- Court: Constitutional Court of South Africa
- Full case name: Glenister v President of the Republic of South Africa and Others
- Decided: 17 March 2011
- Docket nos.: CCT 48/10
- Citations: [2011] ZACC 6; 2011 (3) SA 347 (CC); 2011 (7) BCLR 651 (CC)

Case history
- Prior actions: High Court of South Africa, Western Cape Division – Glenister v President of South Africa and Others [2010] ZAWCHC 92
- Related actions: Glenister v President of the Republic of South Africa and Others [2013] ZACC 20 (costs)

Court membership
- Judges sitting: Ngcobo CJ, Moseneke DCJ, Cameron J, Froneman J, Mogoeng J, Nkabinde J, Skweyiya J, Yacoob J and Brand AJ

Case opinions
- Decision by: Moseneke DCJ and Cameron J (Froneman, Nkabinde, and Skweyiya concurring)
- Dissent: Ngcobo CJ (Brand, Mogoeng, and Yacoob concurring)

= Glenister v President (2011) =

South African legal case

Glenister v President of the Republic of South Africa and Others, often known as Glenister II, is a 2011 decision of the Constitutional Court of South Africa, in which the court held that the state is constitutionally obligated to establish and maintain an independent agency to combat corruption. It ruled that the Hawks were not sufficiently independent to fulfil this obligation and that the statutory provisions that created the Hawks were therefore, and to that extent, constitutionally invalid. The case was part of a series of litigation that sought to challenge the disbanding of the Scorpions.

== Background ==
The case concerned the constitutional validity of two pieces of national legislation promulgated on 27 January 2009, which disbanded the Scorpions, a specialist anti-corruption unit of the National Prosecuting Authority. The laws were the National Prosecuting Authority Amendment Act 56 of 2008 and the South African Police Service Amendment Act 57 of 2008. Among other things, the latter act amended the South African Police Service Act 68 of 1995 to insert a new chapter 6A, which established the Hawks (formally the Directorate for Priority Crime Investigation) to replace the Scorpions; the Hawks were to be located within the South African Police Service, rather than within the National Prosecuting Authority.

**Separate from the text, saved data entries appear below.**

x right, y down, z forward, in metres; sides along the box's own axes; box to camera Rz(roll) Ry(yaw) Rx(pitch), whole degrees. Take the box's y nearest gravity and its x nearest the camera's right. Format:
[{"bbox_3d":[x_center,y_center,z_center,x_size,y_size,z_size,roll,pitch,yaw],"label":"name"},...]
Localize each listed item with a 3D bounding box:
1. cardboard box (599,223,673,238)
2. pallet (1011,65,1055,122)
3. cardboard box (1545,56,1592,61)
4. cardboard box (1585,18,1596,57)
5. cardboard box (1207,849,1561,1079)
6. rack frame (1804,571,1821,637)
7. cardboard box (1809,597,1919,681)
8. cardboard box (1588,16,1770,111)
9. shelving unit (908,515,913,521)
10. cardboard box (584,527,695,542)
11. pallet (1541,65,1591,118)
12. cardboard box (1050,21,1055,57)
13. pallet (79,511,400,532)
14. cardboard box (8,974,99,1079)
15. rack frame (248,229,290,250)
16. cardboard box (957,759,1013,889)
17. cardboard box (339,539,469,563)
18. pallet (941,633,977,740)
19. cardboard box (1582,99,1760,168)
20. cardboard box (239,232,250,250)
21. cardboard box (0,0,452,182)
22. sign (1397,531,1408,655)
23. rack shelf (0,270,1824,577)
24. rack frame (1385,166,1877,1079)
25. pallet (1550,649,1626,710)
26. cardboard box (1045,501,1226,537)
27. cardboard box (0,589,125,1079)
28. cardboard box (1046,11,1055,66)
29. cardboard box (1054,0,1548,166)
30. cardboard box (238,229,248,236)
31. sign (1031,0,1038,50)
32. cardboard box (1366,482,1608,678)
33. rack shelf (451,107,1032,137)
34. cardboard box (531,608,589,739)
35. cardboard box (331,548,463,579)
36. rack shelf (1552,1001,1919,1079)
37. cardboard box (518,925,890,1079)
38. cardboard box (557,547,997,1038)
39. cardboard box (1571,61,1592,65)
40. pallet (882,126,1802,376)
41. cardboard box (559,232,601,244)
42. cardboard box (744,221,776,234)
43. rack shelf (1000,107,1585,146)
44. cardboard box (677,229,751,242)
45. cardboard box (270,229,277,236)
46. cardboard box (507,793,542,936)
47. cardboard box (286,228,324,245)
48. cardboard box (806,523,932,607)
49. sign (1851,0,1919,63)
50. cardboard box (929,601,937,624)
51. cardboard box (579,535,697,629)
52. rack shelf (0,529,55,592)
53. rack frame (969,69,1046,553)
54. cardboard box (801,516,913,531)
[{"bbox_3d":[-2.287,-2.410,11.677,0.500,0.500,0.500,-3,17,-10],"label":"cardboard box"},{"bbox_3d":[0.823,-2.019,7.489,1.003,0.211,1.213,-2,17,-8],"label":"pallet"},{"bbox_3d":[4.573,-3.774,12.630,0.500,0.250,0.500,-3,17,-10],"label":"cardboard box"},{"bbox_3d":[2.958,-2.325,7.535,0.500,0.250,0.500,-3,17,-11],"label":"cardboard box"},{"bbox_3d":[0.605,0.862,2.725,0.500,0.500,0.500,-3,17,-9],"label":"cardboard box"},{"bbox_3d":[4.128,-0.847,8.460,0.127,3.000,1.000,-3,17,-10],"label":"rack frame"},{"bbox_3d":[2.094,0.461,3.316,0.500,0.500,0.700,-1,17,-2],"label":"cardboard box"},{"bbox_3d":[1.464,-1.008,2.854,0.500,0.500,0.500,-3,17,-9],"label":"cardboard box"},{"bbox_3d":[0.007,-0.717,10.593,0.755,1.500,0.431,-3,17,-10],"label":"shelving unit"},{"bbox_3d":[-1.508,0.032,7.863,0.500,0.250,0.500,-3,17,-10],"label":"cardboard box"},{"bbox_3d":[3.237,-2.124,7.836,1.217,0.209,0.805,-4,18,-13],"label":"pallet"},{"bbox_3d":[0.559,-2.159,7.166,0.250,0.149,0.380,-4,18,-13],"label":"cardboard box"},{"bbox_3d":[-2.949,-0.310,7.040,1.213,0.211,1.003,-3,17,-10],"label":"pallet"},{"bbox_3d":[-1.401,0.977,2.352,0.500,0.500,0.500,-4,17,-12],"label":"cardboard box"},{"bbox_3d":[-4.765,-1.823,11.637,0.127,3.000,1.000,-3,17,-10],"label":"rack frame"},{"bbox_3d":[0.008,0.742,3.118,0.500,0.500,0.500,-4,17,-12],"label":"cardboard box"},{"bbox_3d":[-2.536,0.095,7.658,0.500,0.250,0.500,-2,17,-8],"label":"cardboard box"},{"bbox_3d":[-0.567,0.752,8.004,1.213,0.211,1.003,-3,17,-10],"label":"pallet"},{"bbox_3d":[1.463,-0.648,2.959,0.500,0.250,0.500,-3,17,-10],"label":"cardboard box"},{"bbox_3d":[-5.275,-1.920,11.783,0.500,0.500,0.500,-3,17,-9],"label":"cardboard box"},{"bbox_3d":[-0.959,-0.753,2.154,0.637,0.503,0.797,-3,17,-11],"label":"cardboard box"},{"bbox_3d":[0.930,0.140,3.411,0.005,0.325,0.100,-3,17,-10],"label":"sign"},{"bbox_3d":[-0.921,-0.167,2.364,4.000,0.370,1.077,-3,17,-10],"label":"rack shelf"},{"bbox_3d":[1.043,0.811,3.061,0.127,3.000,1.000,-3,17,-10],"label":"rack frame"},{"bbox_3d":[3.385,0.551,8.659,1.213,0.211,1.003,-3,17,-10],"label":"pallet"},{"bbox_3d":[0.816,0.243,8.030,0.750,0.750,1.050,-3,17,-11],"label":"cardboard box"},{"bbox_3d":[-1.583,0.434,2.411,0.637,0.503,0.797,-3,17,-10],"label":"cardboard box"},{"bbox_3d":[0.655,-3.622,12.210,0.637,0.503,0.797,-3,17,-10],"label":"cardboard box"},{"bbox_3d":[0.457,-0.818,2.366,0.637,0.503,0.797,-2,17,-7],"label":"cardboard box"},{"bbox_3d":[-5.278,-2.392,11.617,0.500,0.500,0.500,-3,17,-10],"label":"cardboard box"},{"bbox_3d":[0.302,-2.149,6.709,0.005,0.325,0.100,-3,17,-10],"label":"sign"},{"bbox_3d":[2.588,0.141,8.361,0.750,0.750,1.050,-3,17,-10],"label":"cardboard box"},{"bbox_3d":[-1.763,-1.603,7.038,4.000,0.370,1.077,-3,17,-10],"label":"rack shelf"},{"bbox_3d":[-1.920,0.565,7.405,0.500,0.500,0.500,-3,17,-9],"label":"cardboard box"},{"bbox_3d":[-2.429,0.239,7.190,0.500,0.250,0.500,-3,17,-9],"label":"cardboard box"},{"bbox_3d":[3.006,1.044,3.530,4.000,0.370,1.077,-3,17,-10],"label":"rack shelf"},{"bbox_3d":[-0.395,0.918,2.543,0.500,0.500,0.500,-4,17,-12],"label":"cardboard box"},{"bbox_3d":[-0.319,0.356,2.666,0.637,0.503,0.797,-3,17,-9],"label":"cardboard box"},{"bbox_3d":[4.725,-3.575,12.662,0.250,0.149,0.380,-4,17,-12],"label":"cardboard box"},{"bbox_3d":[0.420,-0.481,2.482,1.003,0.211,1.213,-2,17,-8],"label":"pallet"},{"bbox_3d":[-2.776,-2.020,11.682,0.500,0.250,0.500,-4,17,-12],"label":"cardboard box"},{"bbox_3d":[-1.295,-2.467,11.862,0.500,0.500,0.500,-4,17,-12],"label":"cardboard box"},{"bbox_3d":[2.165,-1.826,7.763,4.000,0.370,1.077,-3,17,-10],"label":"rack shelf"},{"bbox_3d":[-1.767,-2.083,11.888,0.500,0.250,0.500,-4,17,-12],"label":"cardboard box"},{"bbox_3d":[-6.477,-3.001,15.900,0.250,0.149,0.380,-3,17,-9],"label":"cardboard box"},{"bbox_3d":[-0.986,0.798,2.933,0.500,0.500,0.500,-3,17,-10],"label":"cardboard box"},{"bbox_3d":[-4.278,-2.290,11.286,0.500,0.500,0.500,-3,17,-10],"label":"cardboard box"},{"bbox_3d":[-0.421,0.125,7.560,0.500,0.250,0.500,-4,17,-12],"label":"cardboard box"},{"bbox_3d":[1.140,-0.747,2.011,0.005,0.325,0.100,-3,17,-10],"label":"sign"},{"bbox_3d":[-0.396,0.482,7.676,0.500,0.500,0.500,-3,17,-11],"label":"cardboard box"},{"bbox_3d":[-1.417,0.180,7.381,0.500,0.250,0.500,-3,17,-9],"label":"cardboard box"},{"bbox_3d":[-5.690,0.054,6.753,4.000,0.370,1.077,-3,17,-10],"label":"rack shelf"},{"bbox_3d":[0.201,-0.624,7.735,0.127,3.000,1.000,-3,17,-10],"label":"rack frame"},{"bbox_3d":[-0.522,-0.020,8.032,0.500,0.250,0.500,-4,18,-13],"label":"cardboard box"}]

The matter was a sequel to Glenister I, a 2008 case of the same name in which the applicant, businessman Hugh Glenister, had attempted unsuccessfully to challenge the legislation while it was still pending in draft form before Parliament. His challenge to the enacted legislation was first heard in the Western Cape High Court, where it was dismissed; thereafter, Glenister applied both for leave to appeal the High Court's judgment and, alternatively, for direct access to the Constitutional Court to plead his constitutional challenge. The Constitutional Court heard the application on 2 September 2010, and it delivered judgment on 17 March 2011.

== Judgments ==
With the bench split five-to-four, the Constitutional Court filed two opinions. Deputy Chief Justice Dikgang Moseneke and Justice Edwin Cameron co-wrote the majority opinion, in which Justices Johan Froneman, Bess Nkabinde, and Thembile Skweyiya concurred; they upheld Glenister's appeal in part. Chief Justice Sandile Ngcobo wrote a dissenting opinion, which was joined by Acting Justice Fritz Brand and Justices Mogoeng Mogoeng and Zak Yacoob; the minority would have dismissed the appeal and Glenister's constitutional challenge in its entirety.

For reasons set out in Ngcobo's judgment, the Constitutional Court granted leave to appeal and dismissed Glenister's broad challenge, holding that it was not in itself unconstitutional for Parliament to abolish the Scorpions and establish the Hawks. However, as set out in Moseneke and Cameron's judgment, the majority held that the Constitution obligates the state "to establish and maintain an independent body to combat corruption and organised crime"; they also held that the Hawks were not sufficiently independent to fulfil this requirement. For that reason, the majority declared that Chapter 6A of the amended South African Police Service Act was inconsistent with the Constitution. The declaration of invalidity was suspended for 18 months in order to give Parliament the opportunity to remedy the defect.

== 2013 costs order ==
A related judgment of the same name was handed down by the Constitutional Court on 14 June 2013 after Glenister's attorney applied, in terms of the Uniform Rules of Court, for an amendment of the costs order handed down in Glenister II. The costs judgment, written per curiam, refused this application.